Engine No. 1 succeeded under a set of unique conditions. First, the firm was started by a former hedge fund manager who used his personal wealth to finance a fight with around a $13 million price tag, according to the fund. It also made a strong case for board change, arguing that the oil giant had lower shareholder yields than competitors and mounting debt and spending that jeopardized its dividend. Exxon was also losing money, and Engine No. 1 argued its resistance to transitioning to a low-carbon future would lead to more losses in the future.

“Exxon was unique in its own way,’’ said Eleazer “Ele’’ Klein, a lawyer who represented Engine No. 1 in its campaign. “It wasn't responsive to its shareholders’ frustrations.’’

Investors don’t often reject director candidates. So far this year, less than 0.5% of the 15,000 board members in the Russell 3000 failed to get at least 50% of the vote in an uncontested election, where seats are assigned based on vote totals.  The three Exxon directors were the only ones ousted this year in a contested election, where board candidates have to receive a majority of votes, according to Bloomberg Intelligence data through June 29. 

Pressuring companies to switch up their board, rather than a full-on takeover, may be a more realistic approach. Arjuna Capital, which has had success getting major technology and finance firms to release pay gap statistics, now has proposals at Facebook, Alphabet Inc.’s Google and Twitter to add civil rights experts as directors. “It’s a different existential crisis than Exxon is facing,” Natasha Lamb, a managing partner at Arjuna, said. “But it’s a business imperative.” 

Alphabet said in its proxy statement that its current board is sufficiently qualified to provide civil rights oversight.
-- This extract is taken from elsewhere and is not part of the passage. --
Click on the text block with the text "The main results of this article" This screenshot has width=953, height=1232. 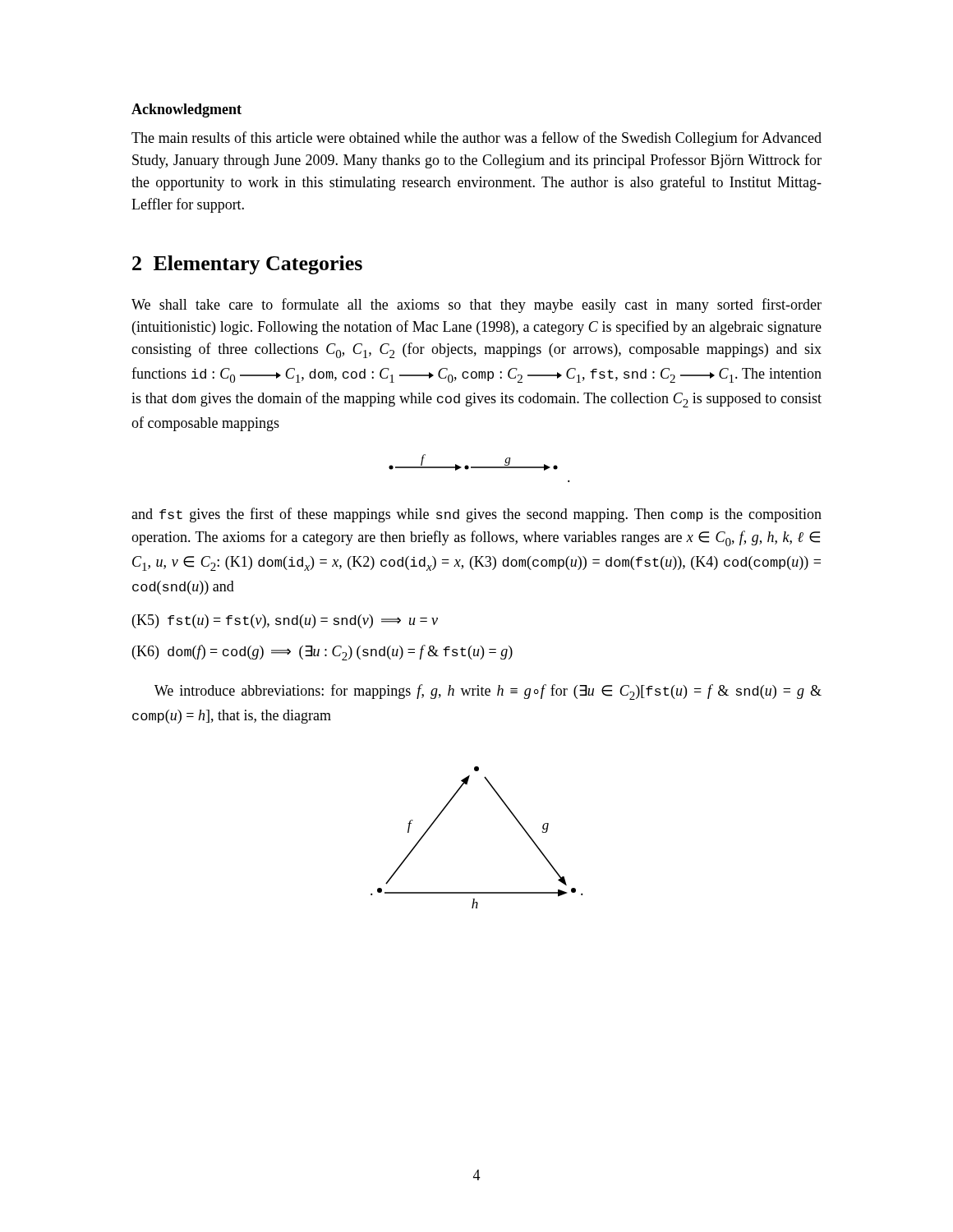click(x=476, y=171)

Facebook declined to comment but pointed to a website outlining the company's efforts to address hate speech on its platforms. Twitter declined to comment.  
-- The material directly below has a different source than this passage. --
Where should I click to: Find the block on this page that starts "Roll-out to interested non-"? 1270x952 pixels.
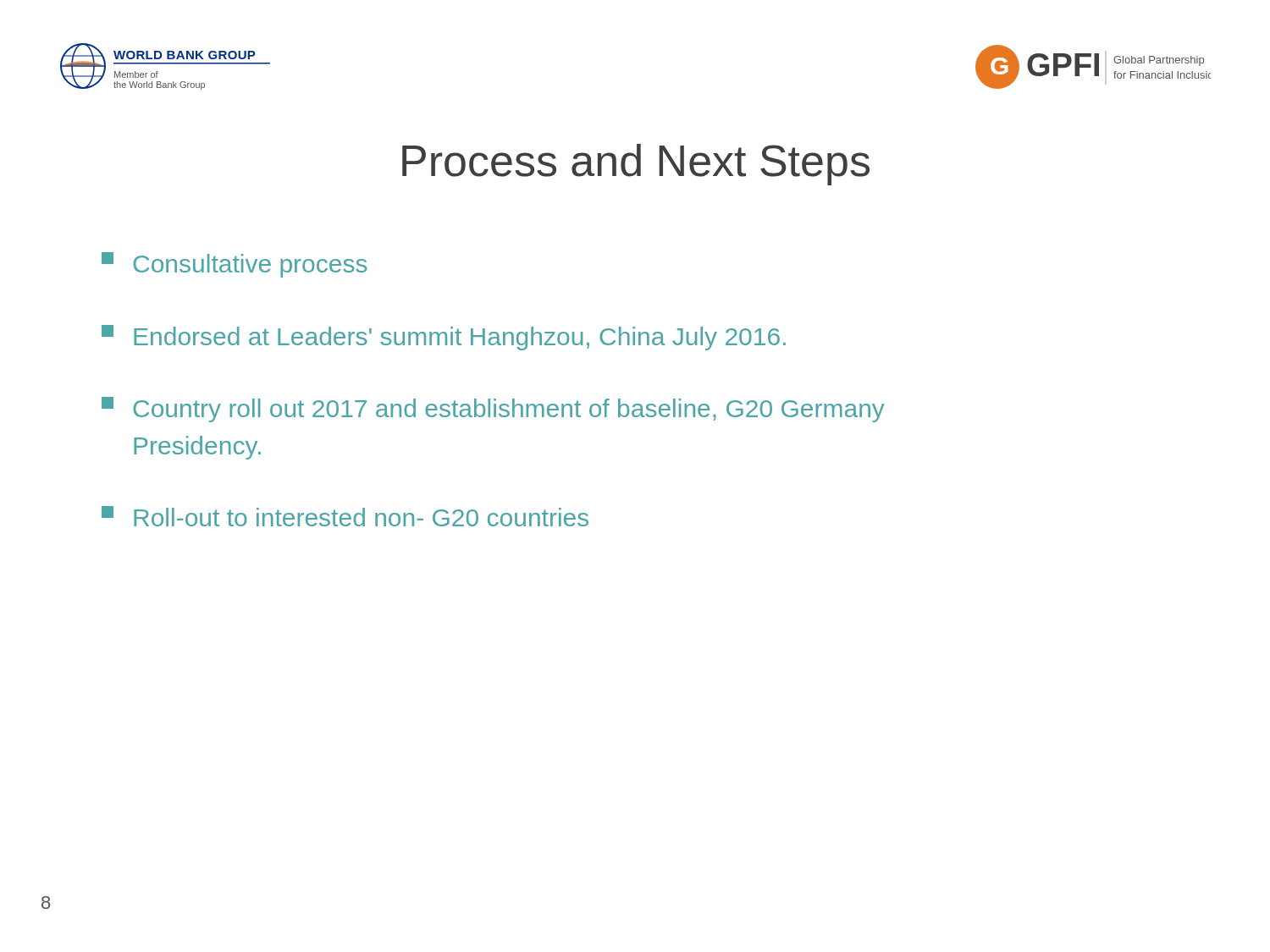tap(346, 518)

Activists have made progress making alternative directors more palatable to big investors, said Rusty O’Kelley, an executive recruiter at Russell Reynolds. Five years ago, the typical slate would have included members of the fund or their close associates, he said. Now the groups work with executive recruiters to establish networks of board-ready candidates.

“They are much more likely to have a slate of people who have industry relevance, who represent gender and ethnic diversity and look and feel more credible,” O’Kelley said. “It’s designed to gain support from BlackRock, Vanguard and State Street.”

Activist investors have already this year submitted a record number of proposals aimed at improving diversity and equality in corporate America. Even though many of them failed, support averaged 32%, well above the average 24.2% over the previous five years,  according to data from Bloomberg Intelligence. Companies often engage with activists if their proposals get at least 30% of the vote, though they’re under no obligation to do so in most cases. 

Some of their biggest targets, however, like Facebook and Alphabet are somewhat insulated from these kinds of campaigns because of their dual-class share structures. Facebook Chief Executive Officer Mark Zuckerberg, for example, has majority control of the social network even though he owns less than 15% of outstanding shares.  

Still, some boards are being proactive. A survey this spring by recruiter Spencer Stuart of 77 committee chairs on S&P 500 boards found that expanding or enhancing ESG initiatives is their number one priority over the next three years.